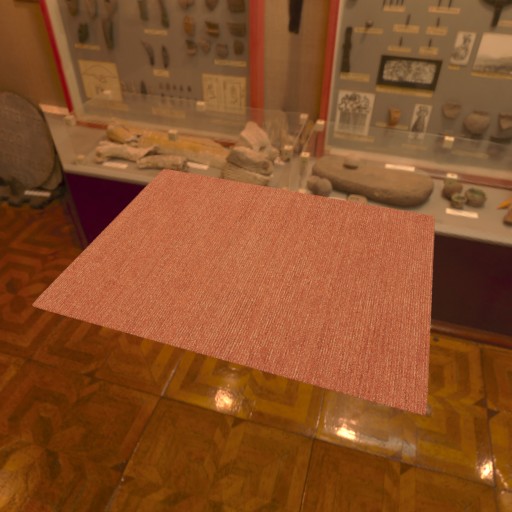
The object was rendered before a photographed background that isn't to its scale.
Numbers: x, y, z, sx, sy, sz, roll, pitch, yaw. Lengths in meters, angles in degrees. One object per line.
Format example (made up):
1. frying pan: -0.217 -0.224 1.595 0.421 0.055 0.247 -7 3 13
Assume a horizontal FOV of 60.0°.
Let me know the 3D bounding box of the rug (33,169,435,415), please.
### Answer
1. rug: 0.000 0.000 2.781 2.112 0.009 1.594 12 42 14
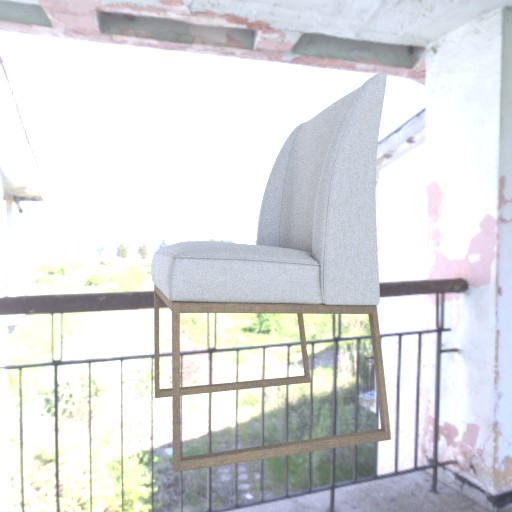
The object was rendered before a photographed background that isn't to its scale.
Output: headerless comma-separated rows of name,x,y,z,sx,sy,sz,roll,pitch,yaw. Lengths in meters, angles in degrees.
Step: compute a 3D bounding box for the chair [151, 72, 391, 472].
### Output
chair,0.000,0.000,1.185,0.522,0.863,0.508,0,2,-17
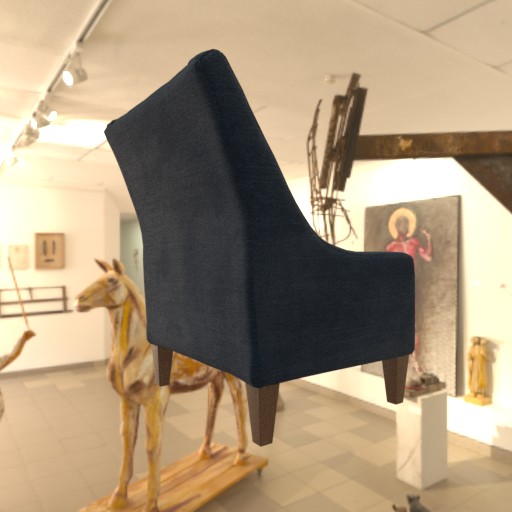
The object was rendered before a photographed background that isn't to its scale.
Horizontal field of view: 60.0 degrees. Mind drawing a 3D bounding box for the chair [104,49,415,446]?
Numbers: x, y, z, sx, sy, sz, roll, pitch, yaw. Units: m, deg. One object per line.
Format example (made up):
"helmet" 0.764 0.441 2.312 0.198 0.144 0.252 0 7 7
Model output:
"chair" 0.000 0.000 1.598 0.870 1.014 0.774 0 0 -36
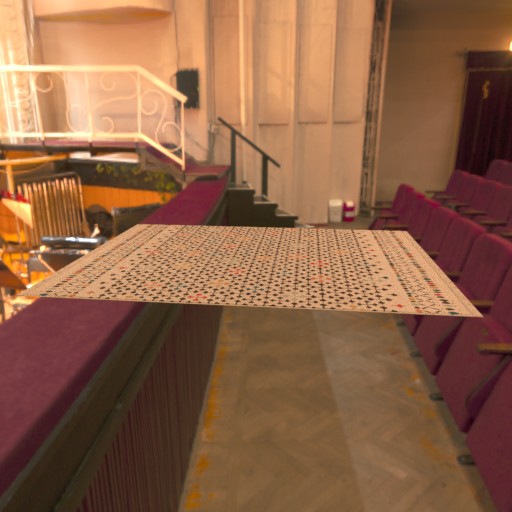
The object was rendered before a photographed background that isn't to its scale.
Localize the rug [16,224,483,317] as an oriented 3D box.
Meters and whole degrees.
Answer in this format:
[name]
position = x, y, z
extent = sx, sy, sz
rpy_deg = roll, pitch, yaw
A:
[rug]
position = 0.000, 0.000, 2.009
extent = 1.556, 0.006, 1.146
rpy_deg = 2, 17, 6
——
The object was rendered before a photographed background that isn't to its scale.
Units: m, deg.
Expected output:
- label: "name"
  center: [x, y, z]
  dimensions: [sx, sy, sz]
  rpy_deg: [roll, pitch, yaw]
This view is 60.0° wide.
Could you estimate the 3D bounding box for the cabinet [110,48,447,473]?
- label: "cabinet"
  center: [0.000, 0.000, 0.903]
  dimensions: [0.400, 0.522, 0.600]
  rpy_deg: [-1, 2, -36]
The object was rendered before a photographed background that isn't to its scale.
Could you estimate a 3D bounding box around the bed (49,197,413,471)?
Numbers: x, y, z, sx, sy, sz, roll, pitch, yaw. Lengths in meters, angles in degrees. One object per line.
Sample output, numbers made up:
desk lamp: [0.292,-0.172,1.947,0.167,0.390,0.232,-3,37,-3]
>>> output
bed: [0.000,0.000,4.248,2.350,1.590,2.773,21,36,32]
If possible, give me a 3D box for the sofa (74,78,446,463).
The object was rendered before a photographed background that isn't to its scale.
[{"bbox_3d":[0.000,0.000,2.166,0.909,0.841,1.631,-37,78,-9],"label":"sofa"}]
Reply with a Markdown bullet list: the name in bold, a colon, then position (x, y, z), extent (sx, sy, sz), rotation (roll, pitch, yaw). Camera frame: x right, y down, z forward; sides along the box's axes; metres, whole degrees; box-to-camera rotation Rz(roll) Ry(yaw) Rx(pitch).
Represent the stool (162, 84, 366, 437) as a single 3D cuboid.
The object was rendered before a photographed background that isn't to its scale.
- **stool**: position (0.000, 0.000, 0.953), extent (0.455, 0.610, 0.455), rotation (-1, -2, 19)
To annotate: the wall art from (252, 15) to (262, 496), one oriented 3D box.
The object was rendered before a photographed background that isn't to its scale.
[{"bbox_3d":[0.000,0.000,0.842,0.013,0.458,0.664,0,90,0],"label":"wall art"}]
——
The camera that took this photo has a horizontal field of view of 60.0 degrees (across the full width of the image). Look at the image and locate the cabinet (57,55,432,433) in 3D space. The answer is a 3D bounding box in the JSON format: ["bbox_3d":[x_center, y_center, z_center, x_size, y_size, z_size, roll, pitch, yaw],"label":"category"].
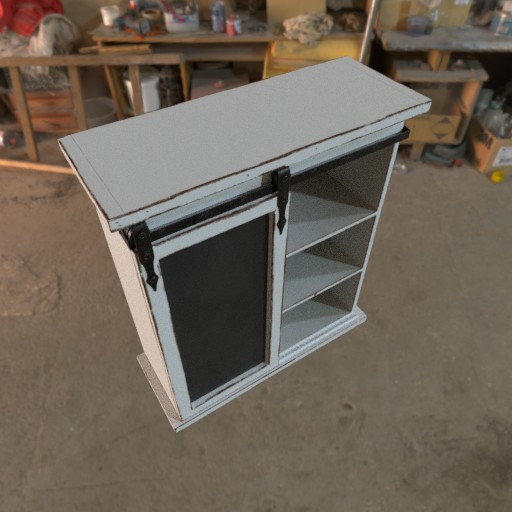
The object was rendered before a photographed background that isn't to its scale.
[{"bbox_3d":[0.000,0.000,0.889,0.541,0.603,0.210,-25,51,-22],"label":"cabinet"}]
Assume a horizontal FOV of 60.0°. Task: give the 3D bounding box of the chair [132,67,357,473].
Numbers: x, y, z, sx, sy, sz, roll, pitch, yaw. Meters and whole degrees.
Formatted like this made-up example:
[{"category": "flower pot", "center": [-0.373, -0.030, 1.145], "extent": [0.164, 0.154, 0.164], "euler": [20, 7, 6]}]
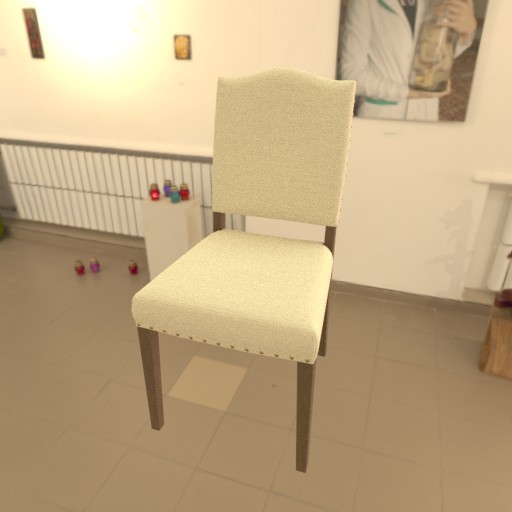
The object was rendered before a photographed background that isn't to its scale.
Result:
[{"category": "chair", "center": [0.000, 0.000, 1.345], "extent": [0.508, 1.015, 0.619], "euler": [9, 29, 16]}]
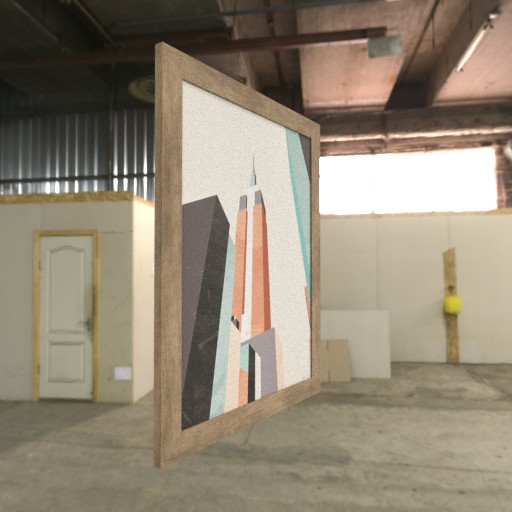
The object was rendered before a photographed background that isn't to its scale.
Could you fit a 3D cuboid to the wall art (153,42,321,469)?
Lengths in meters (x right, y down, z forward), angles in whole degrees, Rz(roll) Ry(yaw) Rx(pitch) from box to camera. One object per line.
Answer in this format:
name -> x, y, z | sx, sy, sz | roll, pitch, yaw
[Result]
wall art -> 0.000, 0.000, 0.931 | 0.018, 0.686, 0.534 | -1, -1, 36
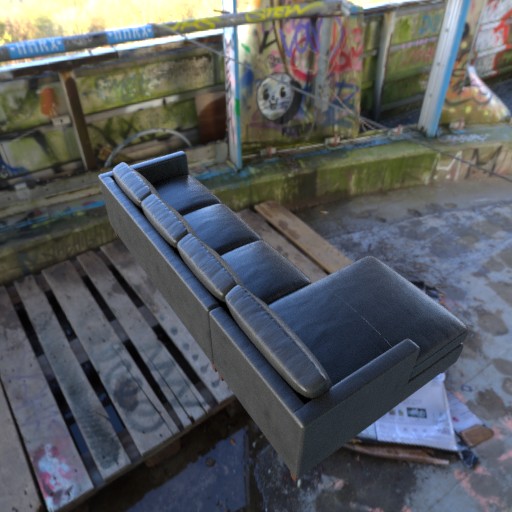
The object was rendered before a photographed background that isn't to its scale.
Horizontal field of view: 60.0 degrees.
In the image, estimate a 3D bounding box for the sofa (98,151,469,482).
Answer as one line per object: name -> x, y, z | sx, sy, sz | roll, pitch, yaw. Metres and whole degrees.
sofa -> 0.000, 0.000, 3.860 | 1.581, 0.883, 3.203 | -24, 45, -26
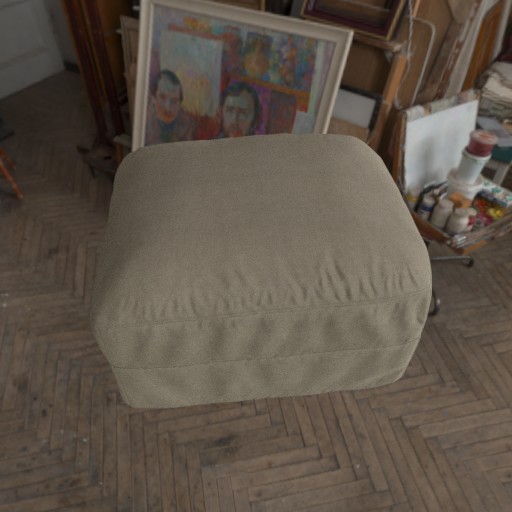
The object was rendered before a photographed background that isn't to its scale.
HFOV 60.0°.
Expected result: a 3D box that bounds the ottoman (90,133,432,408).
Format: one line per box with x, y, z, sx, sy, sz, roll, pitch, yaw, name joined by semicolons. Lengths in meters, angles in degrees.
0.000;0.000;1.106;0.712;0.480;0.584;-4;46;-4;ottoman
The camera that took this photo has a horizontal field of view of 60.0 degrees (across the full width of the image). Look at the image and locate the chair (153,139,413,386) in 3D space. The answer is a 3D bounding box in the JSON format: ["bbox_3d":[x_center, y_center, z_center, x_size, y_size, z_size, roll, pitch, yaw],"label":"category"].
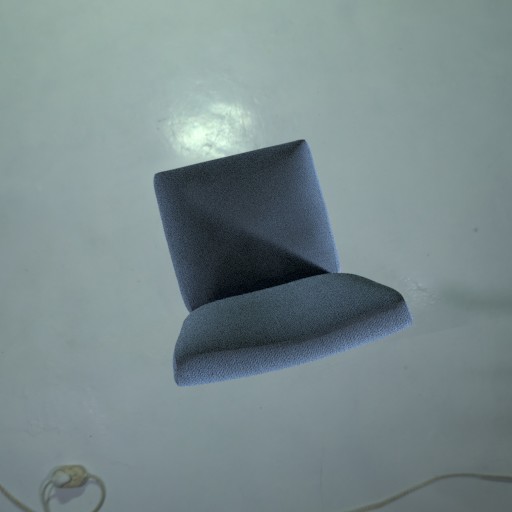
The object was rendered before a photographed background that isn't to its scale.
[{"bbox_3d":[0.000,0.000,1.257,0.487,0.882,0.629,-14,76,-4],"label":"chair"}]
——
• Task brief: Take every line above where "view" appears and copy it.

• Written response:
Horizontal field of view: 60.0 degrees. Mind drawing a 3D bounding box for the chair [104,49,415,446]?
This view is 60.0° wide.
The camera that took this photo has a horizontal field of view of 60.0 degrees (across the full width of the image). Look at the image and locate the cabinet (57,55,432,433) in 3D space. The answer is a 3D bounding box in the JSON format: ["bbox_3d":[x_center, y_center, z_center, x_size, y_size, z_size, roll, pitch, yaw],"label":"category"].
Horizontal field of view: 60.0 degrees.
The camera that took this photo has a horizontal field of view of 60.0 degrees (across the full width of the image). Look at the image and locate the chair (153,139,413,386) in 3D space. The answer is a 3D bounding box in the JSON format: ["bbox_3d":[x_center, y_center, z_center, x_size, y_size, z_size, roll, pitch, yaw],"label":"category"].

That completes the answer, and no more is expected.